Code explanation
Interested in generating hybrid FODs with own diffusion MRI and microscopy data? Here we provide details of the method alongside important snippets of code. The full code is made openly at https://git.fmrib.ox.ac.uk/srq306/hybrid_microscopy_dmri.
Diffusion MRI orientation
Diffusion MRI (dMRI) orientations were estimated using the Ball and stick model in FSL. The signal decay of the diffusion was modelled by an isotropic compartment (Ball) and multiple restricted compartments for fibre orientation (Stick).
dMRI was analysed to estimate ≤ 3 fibre populations with 50 orientation estimates (samples) per population.
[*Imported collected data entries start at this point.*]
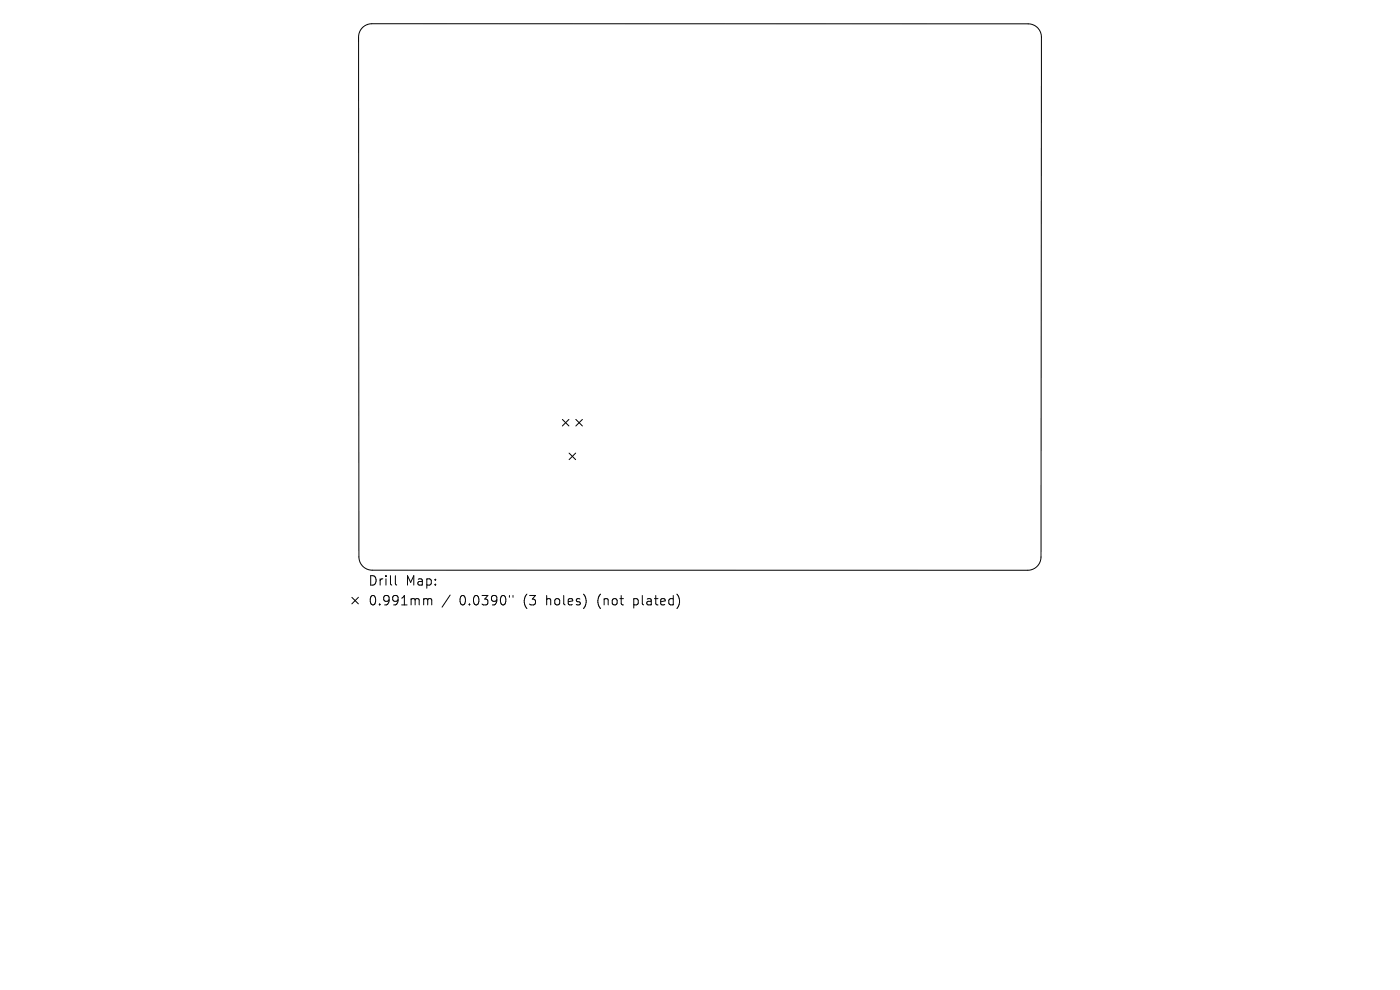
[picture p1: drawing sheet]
<svg xmlns="http://www.w3.org/2000/svg" width="297mm" height="210mm" viewBox="0 0 297 210" stroke-linecap="round" stroke-linejoin="round" font-family="sans-serif">
<defs><g id="words">
<g font-size="2.8">
<text x="78" y="124.5">Drill</text>
<text x="86" y="124.5">Map:</text>
<text x="78" y="128.7">0.991mm</text>
<text x="97.5" y="128.7">0.0390&quot;</text>
<text x="111.2" y="128.7">(3</text>
<text x="116.2" y="128.7">holes)</text>
<text x="127.2" y="128.7">(not</text>
<text x="135" y="128.7">plated)</text>
</g>
</g></defs>
<g fill="none" stroke="#000" stroke-width=".21">
<path d="M77 5.7l.7-.4 1.2-.3 139.2 .1a2.81 2.81 0 0 1 2.8 2.8l-.1 110.3a2.81 2.81 0 0 1-2.8 2.8h-139a2.81 2.81 0 0 1-2.9-2.9v-110.3l.2-1.1zM119.3 89l1.4 1.4M120.7 89l-1.4 1.4M120.7 96.1l1.4 1.4M122.1 96.1l-1.4 1.4M122.2 89l1.4 1.4M123.6 89l-1.4 1.4M74.6 126.7l1.4 1.4M76 126.7l-1.4 1.4M83.9 122.1v1.7l.3 .3M90.2 127l.4 .1 .1 .2M90.7 127.3l.3-.3 .5 .1 .1 1.2"/>
<path d="M90.7 127.3v1M95.5 126.2l-1.7 2.6M108.1 126.3v.4M108.8 126.3v.4"/>
</g>
<use href="#words"/>
</svg>

Fibre populations with signal fractions less than 0.05 were removed. Details of ball and stick model output can be found here
Microscopy orientation
First, the microscopy orientation was registered to the dMRI space with TIRL and FSL FLIRT. The voxel coordinate for each microscopic pixel was then described by x, y, z coordinates in the diffusion mri space (c1,c2,c3). The fiber orientation was represented by a 3D vector (v1,v2,v3).

Second, to facilitate a comparison between the 3D dMRI fibre orientation and 2D microscopy orientation, the dMRI orientation (a) was projected onto the 2D microscopy plane (a1) and onto the normal vector of the plane (a2). Next, the angle difference between the projected BAS orientation and the microscopy orietnation was calculated.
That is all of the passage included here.